Der Mensch – das kochende Tier
... biologisch betrachtet beginnt das Leben mit dem Wasser, kulturell jedoch mit dem Feuer. (Nikolai Wojtko, Die Philosophie des Kochens, S. 22)Mit dem Übergang von Rohkost zu Kochkunst, steigt der Mensch aus der Nahrungskette aus und wird damit zum Kulturwesen. Der Verdauungsapparat verkleinert und das Hirn vergrößert sich, wir gewinnen Zeit, uns um anderes zu kümmern und können auch deswegen anfangen zu Sprechen, weil sich die Kauwerkzeuge verkleinern und Hals-Nase-Mund damit neue Funktionen aufnehmen können. Außerdem sollten wir zu schätzen wissen, dass wir nun selbst nicht mehr als Nahrung von größeren Tieren verfolgt werden und wir auf dem Weg zur Arbeit nicht versuchen müssen, irgend einem kleineren Tier das Genick durchzubeißen oder in der U-Bahn Wurzeln und Rinden knabbern. Der Ausstieg aus der Nahrungskette ist ein "massives Upgrade" (Louis CK), das außer dem Menschen bisher keinem Tier zuteil wurde.

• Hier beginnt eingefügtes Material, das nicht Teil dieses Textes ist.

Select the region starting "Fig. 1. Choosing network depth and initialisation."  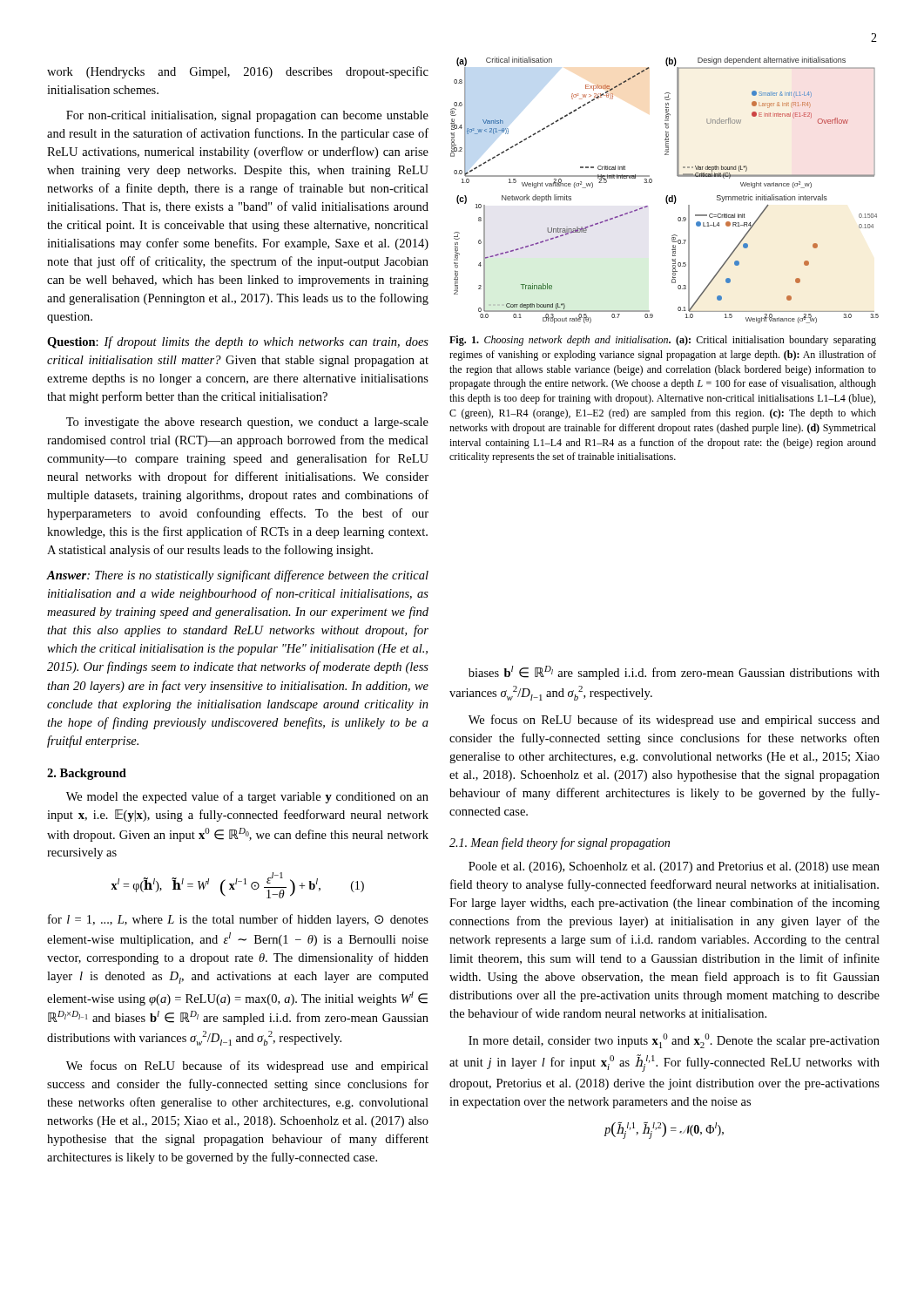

Auf der anderen Seite, scheint unsere moderne Ernährung ganz neue barbarische Folgen zu haben: von gequälten Nutztieren bis hin zu vergifteten Böden, gerodeten Wäldern und dem resultierenden Massensterben in der wilden Flora und Fauna. Wir alle wissen das und machen uns in unseren Filterblasen darüber wohl auch zunehmend Sorgen, wenn man die Trends rund um regional, nachhaltig und vegetarisch betrachtet. Skepsis ist natürlich angebracht, ob diese Wohlstandssorgen wirklich globale Entwicklungen positiv beeinflussen können. Denn die Mehrheit der bald neun Milliarden Menschen auf diesem Planeten muss sehen, wie sie satt wird und wird daher nicht den Luxus haben, ihre Wahl der Nahrung unter ethischen Gesichtspunkten zu hinterfragen.